Blog: Buy when debugged
Dave Leggett | 8 November 2007
Every now and then I meet someone who thinks I am in a perfect position to advise them on what car to buy. Even after I have explained that the publication I work on is in the industry and is not another version of Autocar, that we don't do road tests and so on, they still think I must know more than them.
Well, maybe I do and maybe I have my fair share of personal preferences and prejudices when it come to brands and product. There are also things you hear in the industry too, the inside track on what's going on in engineering/manufacturing/procurement/retail, and I wouldn't deny that, but synthesising that into 'that's the car you should go for, not that one' isn't what I'm trained to do.
But there is one bit of advice that I am happy to impart. If you are buying new, it is generally better not to be first in the queue for a model that has just been launched. Go for something that has been around a little while, I say. That way it has been 'debugged'.
Quality varies and manufacturers work hard to get things right from Job One. But the reality is, there's no real substitute for getting the cars in the market for some of the problems in execution or specification to become all too apparent. Some carmakers even, somewhat cynically, view 'customer testing' as simply another part of the process of bringing a car to market (why pay test engineers to endlessly find fault when the customers can do it so much more cost-effectively and focus on what really needs attention?!). And even the best of them working from sound quality principles have their bad experiences. Look at Toyota.

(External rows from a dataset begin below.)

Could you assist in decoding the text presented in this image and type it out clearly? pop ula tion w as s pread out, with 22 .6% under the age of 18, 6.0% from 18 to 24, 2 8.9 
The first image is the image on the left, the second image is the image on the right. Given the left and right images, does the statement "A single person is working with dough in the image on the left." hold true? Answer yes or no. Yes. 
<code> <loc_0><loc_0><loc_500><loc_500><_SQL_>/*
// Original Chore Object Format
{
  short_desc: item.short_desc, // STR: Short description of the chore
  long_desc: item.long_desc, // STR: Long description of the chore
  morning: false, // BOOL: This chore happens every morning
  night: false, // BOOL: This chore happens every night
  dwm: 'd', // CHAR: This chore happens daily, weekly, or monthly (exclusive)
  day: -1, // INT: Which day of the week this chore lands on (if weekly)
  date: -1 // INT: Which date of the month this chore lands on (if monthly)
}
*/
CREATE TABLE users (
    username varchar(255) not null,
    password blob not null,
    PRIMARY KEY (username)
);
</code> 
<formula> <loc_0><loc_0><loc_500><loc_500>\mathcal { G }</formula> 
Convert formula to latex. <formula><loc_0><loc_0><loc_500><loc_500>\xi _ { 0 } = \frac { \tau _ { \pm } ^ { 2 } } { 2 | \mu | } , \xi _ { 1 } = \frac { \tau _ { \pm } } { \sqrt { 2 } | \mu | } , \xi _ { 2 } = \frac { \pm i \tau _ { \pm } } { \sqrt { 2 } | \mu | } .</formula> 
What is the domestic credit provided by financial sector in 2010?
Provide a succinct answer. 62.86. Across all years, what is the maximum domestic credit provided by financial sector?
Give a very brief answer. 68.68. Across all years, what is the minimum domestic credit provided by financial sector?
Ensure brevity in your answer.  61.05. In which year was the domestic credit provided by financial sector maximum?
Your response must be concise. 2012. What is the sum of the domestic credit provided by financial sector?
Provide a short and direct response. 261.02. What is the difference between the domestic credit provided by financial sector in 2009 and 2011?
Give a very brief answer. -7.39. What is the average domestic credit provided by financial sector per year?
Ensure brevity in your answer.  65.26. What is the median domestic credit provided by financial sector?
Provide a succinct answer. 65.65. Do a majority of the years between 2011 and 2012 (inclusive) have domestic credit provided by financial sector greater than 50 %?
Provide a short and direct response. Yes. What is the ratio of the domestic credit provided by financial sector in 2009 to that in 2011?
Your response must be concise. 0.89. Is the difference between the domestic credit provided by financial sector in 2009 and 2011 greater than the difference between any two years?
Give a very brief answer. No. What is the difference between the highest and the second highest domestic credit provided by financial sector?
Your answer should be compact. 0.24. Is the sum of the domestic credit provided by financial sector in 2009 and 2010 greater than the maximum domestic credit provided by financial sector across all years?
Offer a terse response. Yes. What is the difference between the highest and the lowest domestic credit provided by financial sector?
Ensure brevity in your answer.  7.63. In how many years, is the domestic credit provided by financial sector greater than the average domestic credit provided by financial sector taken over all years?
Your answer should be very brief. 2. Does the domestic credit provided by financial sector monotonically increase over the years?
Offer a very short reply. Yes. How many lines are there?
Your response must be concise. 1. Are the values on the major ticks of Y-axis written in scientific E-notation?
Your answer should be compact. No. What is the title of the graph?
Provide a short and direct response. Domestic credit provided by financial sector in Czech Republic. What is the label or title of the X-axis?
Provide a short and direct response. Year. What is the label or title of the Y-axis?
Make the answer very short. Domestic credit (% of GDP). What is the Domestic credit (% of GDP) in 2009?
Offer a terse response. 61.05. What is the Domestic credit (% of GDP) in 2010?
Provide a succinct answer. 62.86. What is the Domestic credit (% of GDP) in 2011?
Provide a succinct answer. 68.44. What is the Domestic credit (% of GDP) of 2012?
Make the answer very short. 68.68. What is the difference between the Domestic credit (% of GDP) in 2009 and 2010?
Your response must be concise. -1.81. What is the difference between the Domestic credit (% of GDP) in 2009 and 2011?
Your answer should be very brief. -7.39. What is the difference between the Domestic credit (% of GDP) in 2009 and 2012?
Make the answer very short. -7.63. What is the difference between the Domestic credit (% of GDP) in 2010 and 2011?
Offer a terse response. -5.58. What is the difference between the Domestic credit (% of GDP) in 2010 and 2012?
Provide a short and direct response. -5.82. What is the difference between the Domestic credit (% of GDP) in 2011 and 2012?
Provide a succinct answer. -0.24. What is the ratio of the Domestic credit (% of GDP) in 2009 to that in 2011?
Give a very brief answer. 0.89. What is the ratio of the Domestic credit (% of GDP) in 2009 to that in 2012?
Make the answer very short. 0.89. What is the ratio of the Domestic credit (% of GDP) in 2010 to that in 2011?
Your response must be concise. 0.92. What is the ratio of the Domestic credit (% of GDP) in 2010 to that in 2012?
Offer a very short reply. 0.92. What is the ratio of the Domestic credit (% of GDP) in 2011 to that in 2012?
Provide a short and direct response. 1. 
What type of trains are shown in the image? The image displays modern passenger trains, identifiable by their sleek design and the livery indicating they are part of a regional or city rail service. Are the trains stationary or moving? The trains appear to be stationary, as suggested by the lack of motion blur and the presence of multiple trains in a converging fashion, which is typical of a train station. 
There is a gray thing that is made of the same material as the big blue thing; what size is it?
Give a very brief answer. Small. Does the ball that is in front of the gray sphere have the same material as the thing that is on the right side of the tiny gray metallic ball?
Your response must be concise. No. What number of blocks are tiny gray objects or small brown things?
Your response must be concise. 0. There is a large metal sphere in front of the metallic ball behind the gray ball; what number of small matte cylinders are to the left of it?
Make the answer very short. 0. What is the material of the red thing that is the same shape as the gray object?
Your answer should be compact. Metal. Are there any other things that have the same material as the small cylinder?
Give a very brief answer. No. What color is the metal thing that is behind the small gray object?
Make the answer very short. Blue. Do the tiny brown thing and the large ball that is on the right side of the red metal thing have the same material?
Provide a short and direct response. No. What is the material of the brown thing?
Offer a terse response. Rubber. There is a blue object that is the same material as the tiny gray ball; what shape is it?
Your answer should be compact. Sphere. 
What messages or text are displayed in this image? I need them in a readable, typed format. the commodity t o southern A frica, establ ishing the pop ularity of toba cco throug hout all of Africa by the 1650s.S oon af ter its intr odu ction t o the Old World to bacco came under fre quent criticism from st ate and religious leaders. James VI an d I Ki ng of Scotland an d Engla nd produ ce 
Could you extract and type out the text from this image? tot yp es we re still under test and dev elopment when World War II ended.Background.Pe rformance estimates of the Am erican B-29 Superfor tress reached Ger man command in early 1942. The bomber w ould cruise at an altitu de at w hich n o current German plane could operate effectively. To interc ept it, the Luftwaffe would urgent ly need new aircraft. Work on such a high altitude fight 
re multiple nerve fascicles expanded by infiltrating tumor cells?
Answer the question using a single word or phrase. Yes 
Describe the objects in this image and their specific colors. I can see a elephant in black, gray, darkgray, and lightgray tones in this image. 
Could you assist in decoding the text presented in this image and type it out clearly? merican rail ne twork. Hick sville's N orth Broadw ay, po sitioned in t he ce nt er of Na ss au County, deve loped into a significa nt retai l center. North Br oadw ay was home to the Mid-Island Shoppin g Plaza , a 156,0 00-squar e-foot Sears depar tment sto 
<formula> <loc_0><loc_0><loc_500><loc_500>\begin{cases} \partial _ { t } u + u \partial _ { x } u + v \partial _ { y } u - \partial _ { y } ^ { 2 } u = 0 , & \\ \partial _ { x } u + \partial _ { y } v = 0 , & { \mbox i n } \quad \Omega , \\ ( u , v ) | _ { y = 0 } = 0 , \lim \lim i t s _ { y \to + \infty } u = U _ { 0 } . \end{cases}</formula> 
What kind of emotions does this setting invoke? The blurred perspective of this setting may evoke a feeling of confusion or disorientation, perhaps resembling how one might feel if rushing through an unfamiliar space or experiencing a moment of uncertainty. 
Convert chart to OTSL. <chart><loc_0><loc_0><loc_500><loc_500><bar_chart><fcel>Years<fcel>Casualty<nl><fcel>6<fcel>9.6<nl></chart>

As a consumer, you increase your chances of a problem-free experience the longer down the model cycle you are prepared to go. But even then, I say, the 'Friday afternoon car' that comes with niggles cannot be totally ruled out either. Just take a look at the readers' letters pages in the motoring mags and newspaper supplements. There are probabilities and risk factors, processes and systems that minimise defects, but you can still be plain unlucky.
Being first to get that hot new model can come with a downside though.